• TASK REQUIREMENTS: Transcribe the entries that follow exactly as they appear, minus pictures.

• LISTED ENTRIES:
◇ ◇ ◇ ◇ ◇
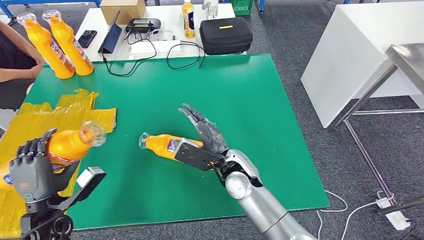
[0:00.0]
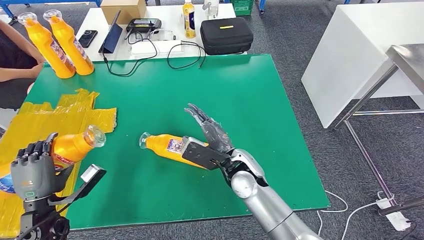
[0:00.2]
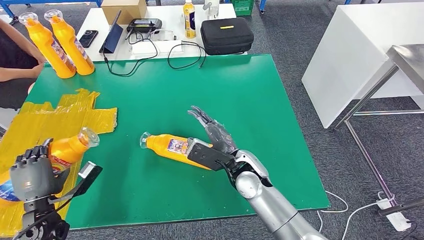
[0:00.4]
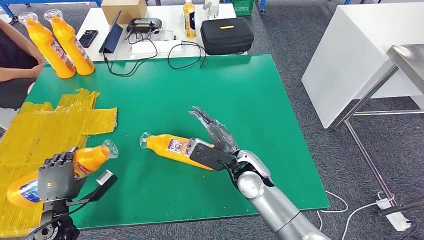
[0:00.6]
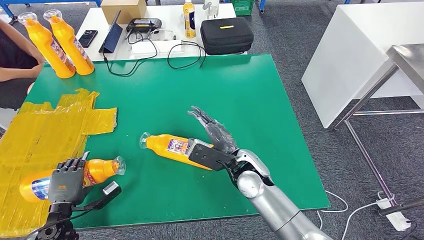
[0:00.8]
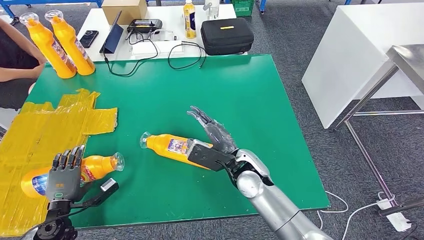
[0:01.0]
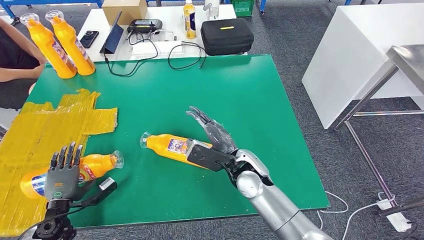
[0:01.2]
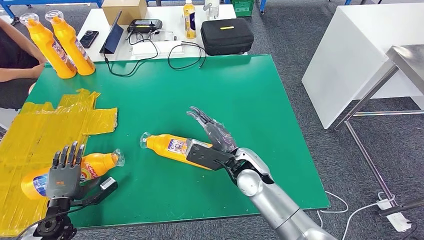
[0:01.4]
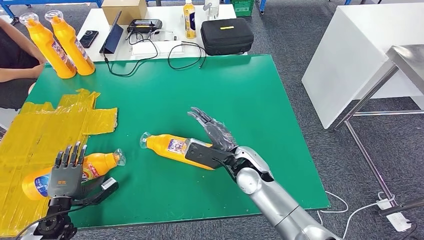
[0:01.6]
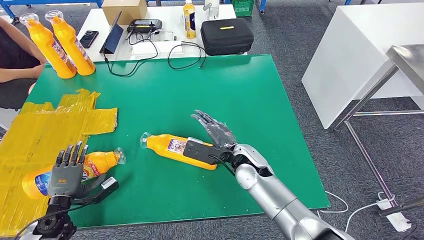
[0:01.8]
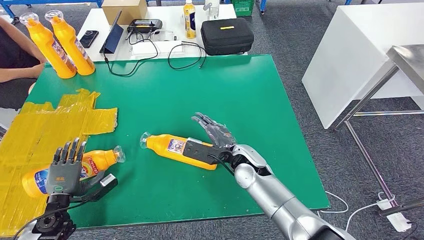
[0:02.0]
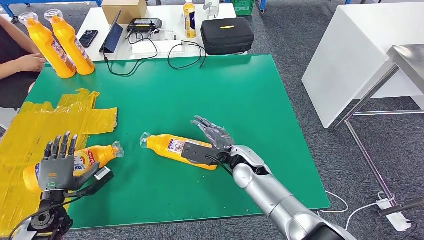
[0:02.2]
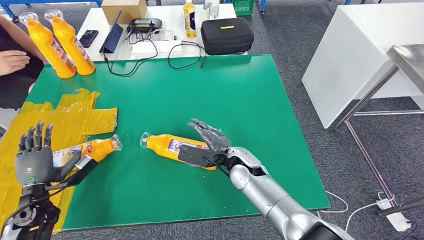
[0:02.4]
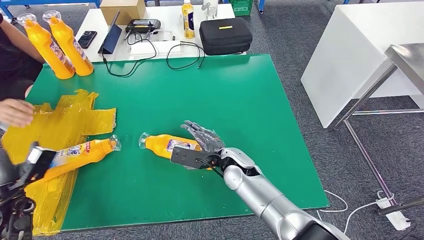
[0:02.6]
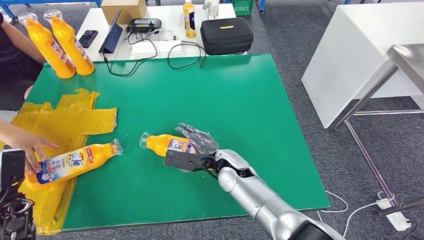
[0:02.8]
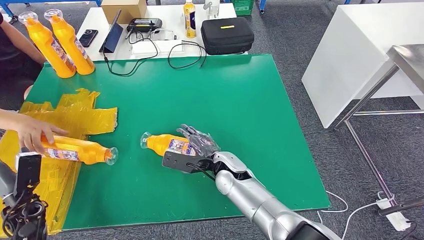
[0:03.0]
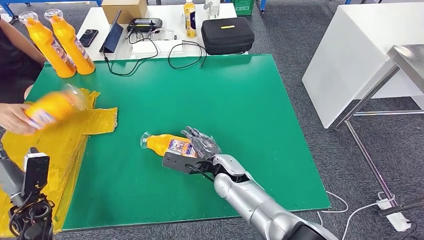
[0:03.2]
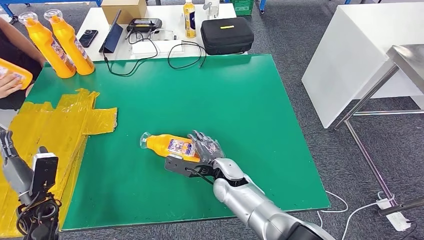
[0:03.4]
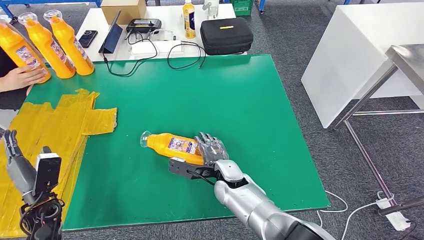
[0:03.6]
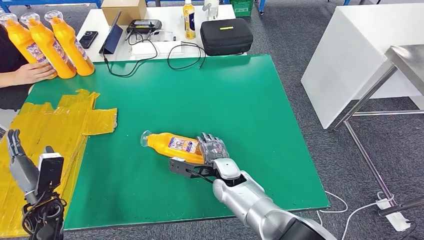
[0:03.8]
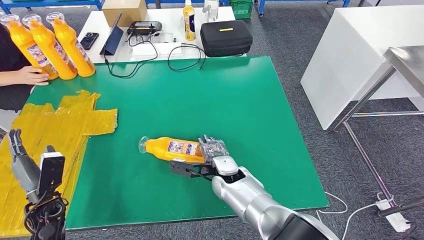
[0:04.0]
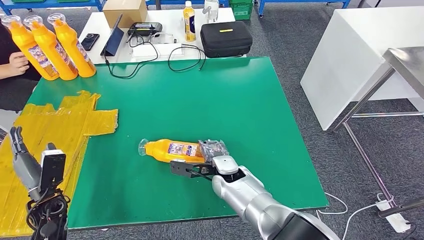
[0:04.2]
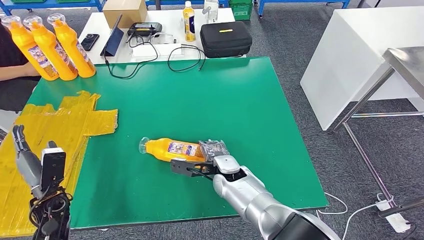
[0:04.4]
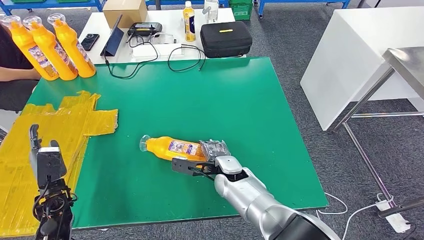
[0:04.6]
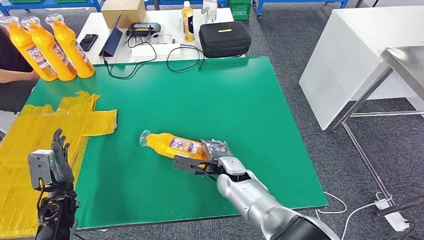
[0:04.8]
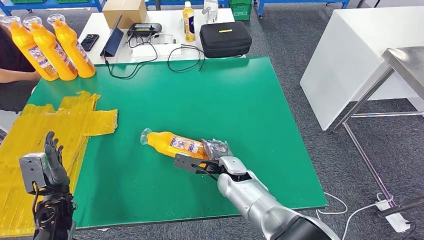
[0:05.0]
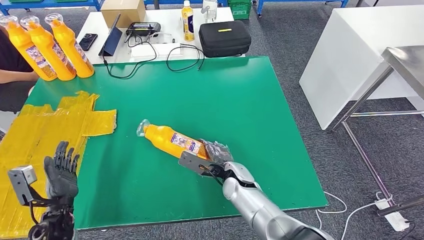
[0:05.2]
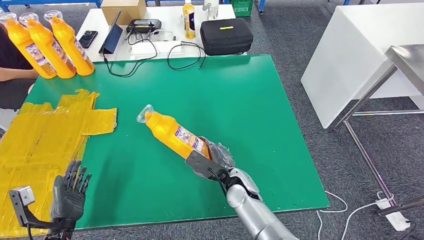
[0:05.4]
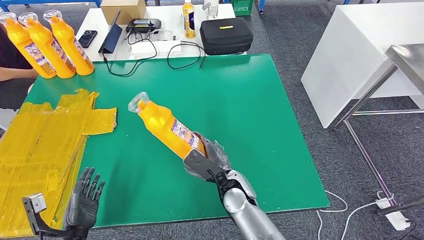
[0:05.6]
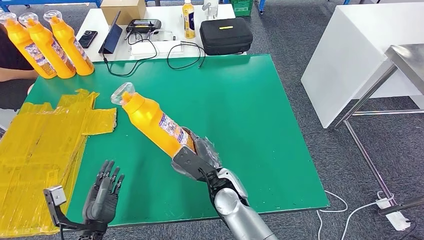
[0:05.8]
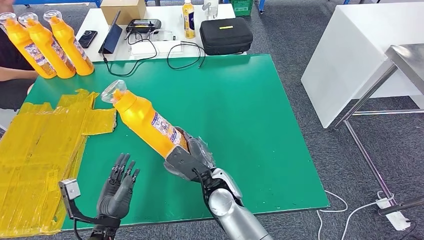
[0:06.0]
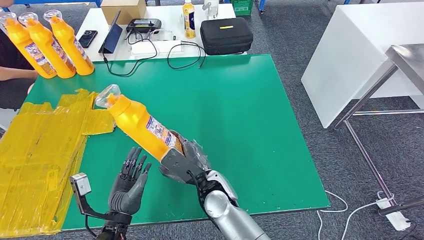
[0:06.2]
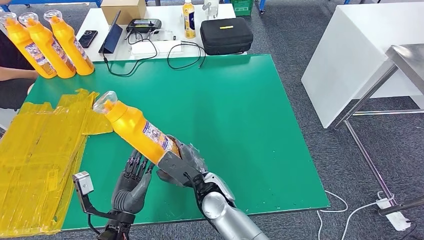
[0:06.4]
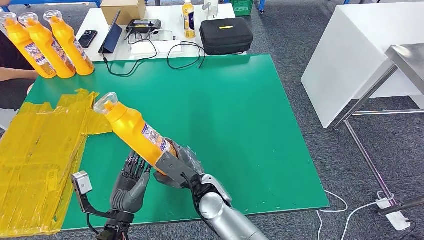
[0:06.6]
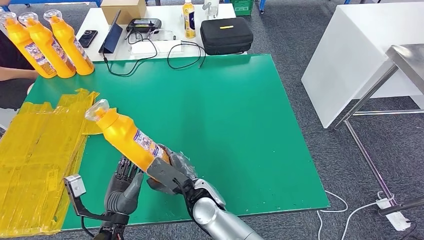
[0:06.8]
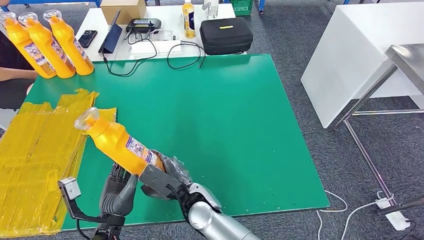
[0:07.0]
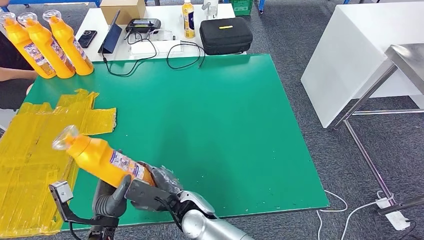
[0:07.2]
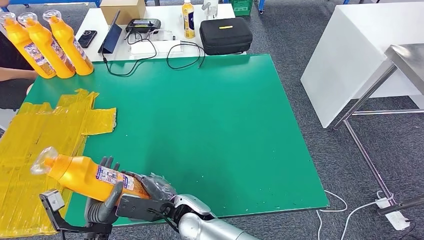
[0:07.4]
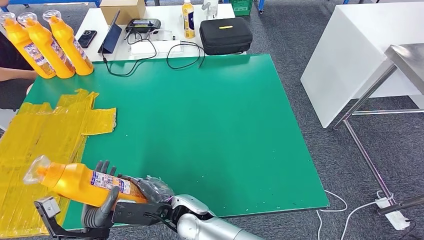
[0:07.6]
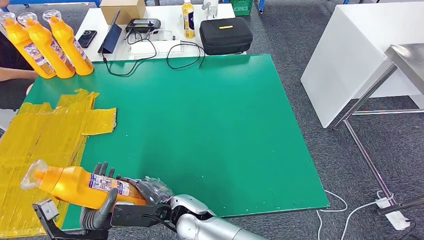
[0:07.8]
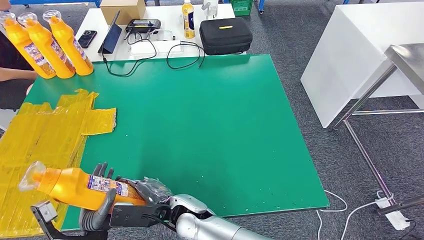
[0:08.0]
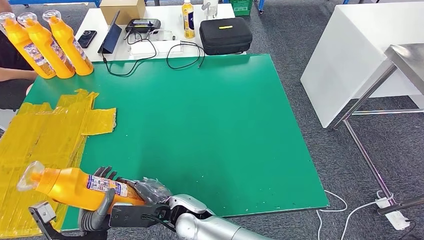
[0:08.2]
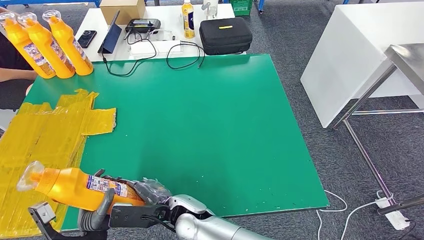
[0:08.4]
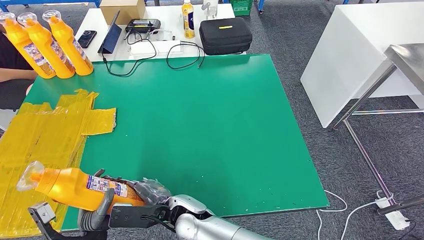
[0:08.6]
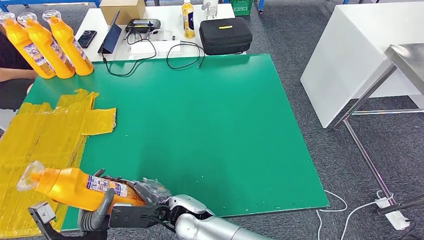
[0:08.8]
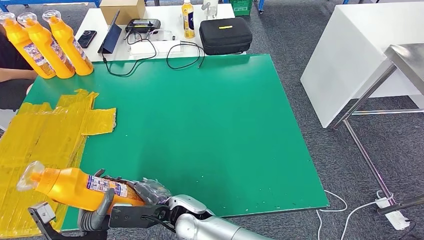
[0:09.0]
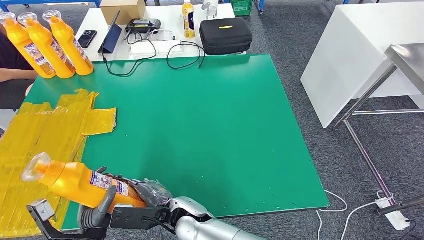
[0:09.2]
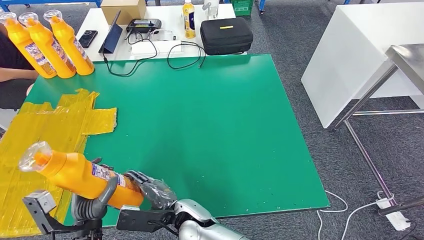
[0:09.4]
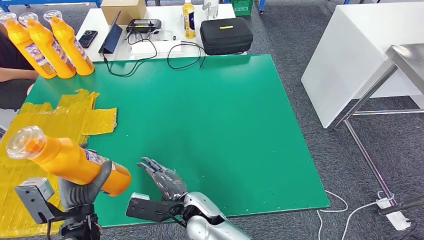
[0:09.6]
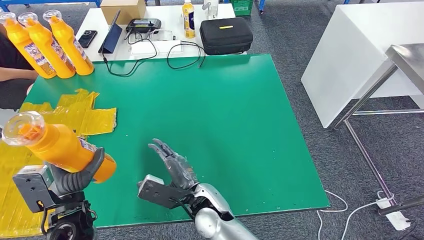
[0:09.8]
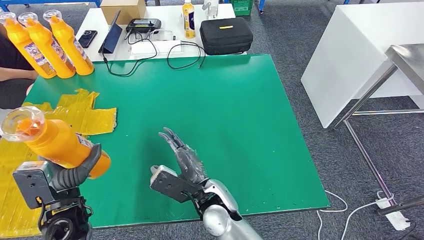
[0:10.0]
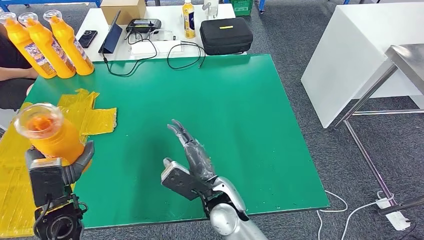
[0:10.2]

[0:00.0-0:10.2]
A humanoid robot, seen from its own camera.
Step, 0:00.0 to 0:03.0: Flip the fast-moving consumer goods bottle to the front side.
Step, 0:05.0 to 0:07.6: Pick up the fast-moving consumer goods bottle from the table.
0:00.0 to 0:01.4: The left hand shifts some 10 cm downward and to the left.
0:01.4 to 0:03.0: The right hand shifts by some 5 cm.
0:05.8 to 0:07.2: The right hand heads to the left and backward, covering roughly 10 cm.
0:07.2 to 0:08.8: The hands stay close to where they were, moving slightly.
0:08.8 to 0:10.2: The left hand moves forward, upward and to the left, roughly 15 cm; the right hand shifts approximately 10 cm to the right and upward.
◇ ◇ ◇ ◇ ◇
• REPLY:
[0:00.0]
[0:00.2]
[0:00.4]
[0:00.6]
[0:00.8]
[0:01.0]
[0:01.2]
[0:01.4]
[0:01.6]
[0:01.8]
[0:02.0]
[0:02.2]
[0:02.4]
[0:02.6]
[0:02.8]
[0:03.0]
[0:03.2]
[0:03.4]
[0:03.6]
[0:03.8]
[0:04.0]
[0:04.2]
[0:04.4]
[0:04.6]
[0:04.8]
[0:05.0]
[0:05.2]
[0:05.4]
[0:05.6]
[0:05.8]
[0:06.0]
[0:06.2]
[0:06.4]
[0:06.6]
[0:06.8]
[0:07.0]
[0:07.2]
[0:07.4]
[0:07.6]
[0:07.8]
[0:08.0]
[0:08.2]
[0:08.4]
[0:08.6]
[0:08.8]
[0:09.0]
[0:09.2]
[0:09.4]
[0:09.6]
[0:09.8]
[0:10.0]
[0:10.2]

[0:00.0-0:10.2]
A humanoid robot, seen from its own camera.
Step, 0:00.0 to 0:03.0: Flip the fast-moving consumer goods bottle to the front side.
Step, 0:05.0 to 0:07.6: Pick up the fast-moving consumer goods bottle from the table.
0:00.0 to 0:01.4: The left hand shifts some 10 cm downward and to the left.
0:01.4 to 0:03.0: The right hand shifts by some 5 cm.
0:05.8 to 0:07.2: The right hand heads to the left and backward, covering roughly 10 cm.
0:07.2 to 0:08.8: The hands stay close to where they were, moving slightly.
0:08.8 to 0:10.2: The left hand moves forward, upward and to the left, roughly 15 cm; the right hand shifts approximately 10 cm to the right and upward.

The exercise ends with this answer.